To rectify the identified issues, we took several steps. First, we excluded the data at the 276th index. Next, we executed t-tests and ANOVA analyses. Based on significance levels, our final model retained five predictors: sex, school support, study time, failures, and going out. Our study yielded several insights:
- Male students tend to outperform female students on average.
- There is a positive correlation between study time and grades.
- Conversely, both failures and frequent outings correlate with decreased grades.
Interestingly, students availing school support showed diminished grades compared to those without. This raises a hypothesis: perhaps the aid diminishes motivation, adversely affecting academic prowess.
Anova type 1:
Anova type 2:
Subsequent to our analysis, we refined the regression model with ‘score’ as the dependent variable and ‘C(sex)’, ‘studytime’, ‘failures’, and ‘C(school)’ as the independent variables. The model showcased an R-squared value of 0.197, suggesting that our model accounts for approximately 19.7% of the ‘score’ variation.

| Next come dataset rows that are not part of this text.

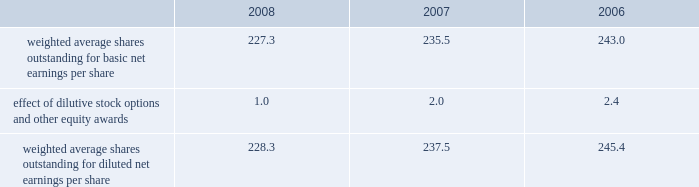Reasonably possible that such matters will be resolved in the next twelve months , but we do not anticipate that the resolution of these matters would result in any material impact on our results of operations or financial position .
Foreign jurisdictions have statutes of limitations generally ranging from 3 to 5 years .
Years still open to examination by foreign tax authorities in major jurisdictions include australia ( 2003 onward ) , canada ( 2002 onward ) , france ( 2006 onward ) , germany ( 2005 onward ) , italy ( 2005 onward ) , japan ( 2002 onward ) , puerto rico ( 2005 onward ) , singapore ( 2003 onward ) , switzerland ( 2006 onward ) and the united kingdom ( 2006 onward ) .
Our tax returns are currently under examination in various foreign jurisdictions .
The most significant foreign tax jurisdiction under examination is the united kingdom .
It is reasonably possible that such audits will be resolved in the next twelve months , but we do not anticipate that the resolution of these audits would result in any material impact on our results of operations or financial position .
13 .
Capital stock and earnings per share we are authorized to issue 250 million shares of preferred stock , none of which were issued or outstanding as of december 31 , 2008 .
The numerator for both basic and diluted earnings per share is net earnings available to common stockholders .
The denominator for basic earnings per share is the weighted average number of common shares outstanding during the period .
The denominator for diluted earnings per share is weighted average shares outstanding adjusted for the effect of dilutive stock options and other equity awards .
The following is a reconciliation of weighted average shares for the basic and diluted share computations for the years ending december 31 ( in millions ) : .
Weighted average shares outstanding for basic net earnings per share 227.3 235.5 243.0 effect of dilutive stock options and other equity awards 1.0 2.0 2.4 weighted average shares outstanding for diluted net earnings per share 228.3 237.5 245.4 for the year ended december 31 , 2008 , an average of 11.2 million options to purchase shares of common stock were not included in the computation of diluted earnings per share as the exercise prices of these options were greater than the average market price of the common stock .
For the years ended december 31 , 2007 and 2006 , an average of 3.1 million and 7.6 million options , respectively , were not included .
During 2008 , we repurchased approximately 10.8 million shares of our common stock at an average price of $ 68.72 per share for a total cash outlay of $ 737.0 million , including commissions .
In april 2008 , we announced that our board of directors authorized a $ 1.25 billion share repurchase program which expires december 31 , 2009 .
Approximately $ 1.13 billion remains authorized under this plan .
14 .
Segment data we design , develop , manufacture and market orthopaedic and dental reconstructive implants , spinal implants , trauma products and related surgical products which include surgical supplies and instruments designed to aid in orthopaedic surgical procedures and post-operation rehabilitation .
We also provide other healthcare-related services .
Revenue related to these services currently represents less than 1 percent of our total net sales .
We manage operations through three major geographic segments 2013 the americas , which is comprised principally of the united states and includes other north , central and south american markets ; europe , which is comprised principally of europe and includes the middle east and africa ; and asia pacific , which is comprised primarily of japan and includes other asian and pacific markets .
This structure is the basis for our reportable segment information discussed below .
Management evaluates operating segment performance based upon segment operating profit exclusive of operating expenses pertaining to global operations and corporate expenses , share-based compensation expense , settlement , certain claims , acquisition , integration and other expenses , inventory step-up , in-process research and development write-offs and intangible asset amortization expense .
Global operations include research , development engineering , medical education , brand management , corporate legal , finance , and human resource functions , and u.s .
And puerto rico-based manufacturing operations and logistics .
Intercompany transactions have been eliminated from segment operating profit .
Management reviews accounts receivable , inventory , property , plant and equipment , goodwill and intangible assets by reportable segment exclusive of u.s and puerto rico-based manufacturing operations and logistics and corporate assets .
Z i m m e r h o l d i n g s , i n c .
2 0 0 8 f o r m 1 0 - k a n n u a l r e p o r t notes to consolidated financial statements ( continued ) %%transmsg*** transmitting job : c48761 pcn : 058000000 ***%%pcmsg|58 |00011|yes|no|02/24/2009 19:25|0|0|page is valid , no graphics -- color : d| .
What was the percentage change in weighted average shares outstanding for diluted net earnings per share from 2007 to 2008? 
Computations: ((228.3 - 237.5) / 237.5)
Answer: -0.03874.

In conclusion, our optimized model sheds light on the nuances of academic achievement. The counterintuitive relationship between school support and grades emphasizes the intricate factors affecting student outcomes. As we look ahead, expanding our dataset or enhancing our feature engineering may provide even more robust insights.
Conclusion
The objective of this paper was to scrutinize the supposition that student performance in mathematics can be influenced by factors such as alcohol consumption and absences. A multifaceted linear regression model was employed, Key findings and insights include:
-
Alcohol Consumption: The study found no significant evidence to suggest that alcohol consumption influences students’ performance. This is further supported by the regplot, indicating no strong linear association between daily alcohol consumption and scores.
-
Significant Predictors: Variables such as students’ gender, travel time, study time, educational support, and outside activities had statistically significant effects on performance. Specifically:
- Male students, on average, scored higher than female students.
- Those receiving extra educational support tended to perform worse.

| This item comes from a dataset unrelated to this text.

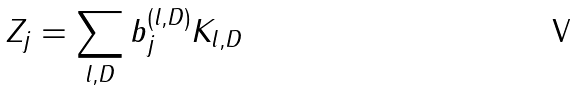<formula> <loc_0><loc_0><loc_500><loc_500>Z _ { j } = \sum _ { l , D } b ^ { ( l , D ) } _ { j } K _ { l , D }</formula>

- Longer study times were associated with better scores.
- More failures corresponded with lower scores.
- Going out more frequently led to a decrease in performance.
-
Model Diagnostic: Even though the residuals of the model deviated from normality (indicating potential issues with heteroscedasticity), there was no autocorrelation present. There was also no major issue of multicollinearity among the model predictors. However, a potential outlier was observed in the ‘absences’ variable, which could influence the model’s accuracy and requires further investigation.
-
Limitations:
- The dataset encompasses students from two schools, potentially limiting the extrapolation of these findings to a broader educational context or different cultural settings.

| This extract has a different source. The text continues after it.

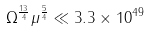Convert formula to latex. <formula><loc_0><loc_0><loc_500><loc_500>\Omega ^ { \frac { 1 3 } { 4 } } \mu ^ { \frac { 5 } { 4 } } \ll 3 . 3 \times 1 0 ^ { 4 9 }</formula>

- The methodology, reliant on self-reported data, might instigate biases. Students’ inclination to underreport or overreport certain behaviors, such as alcohol consumption or absences, can impact the accuracy and reliability of the results. Furthermore, the study’s focus on mathematical performance might not reflect the holistic academic capabilities of the student body, as performance in other subjects wasn’t evaluated.
In summary, while alcohol consumption doesn’t appear to be a primary factor influencing student grades based on this dataset, several other variables like study time, number of failures, and extra educational support have marked impacts on academic performance. Future work can enhance these findings by refining the analysis and exploring other related factors.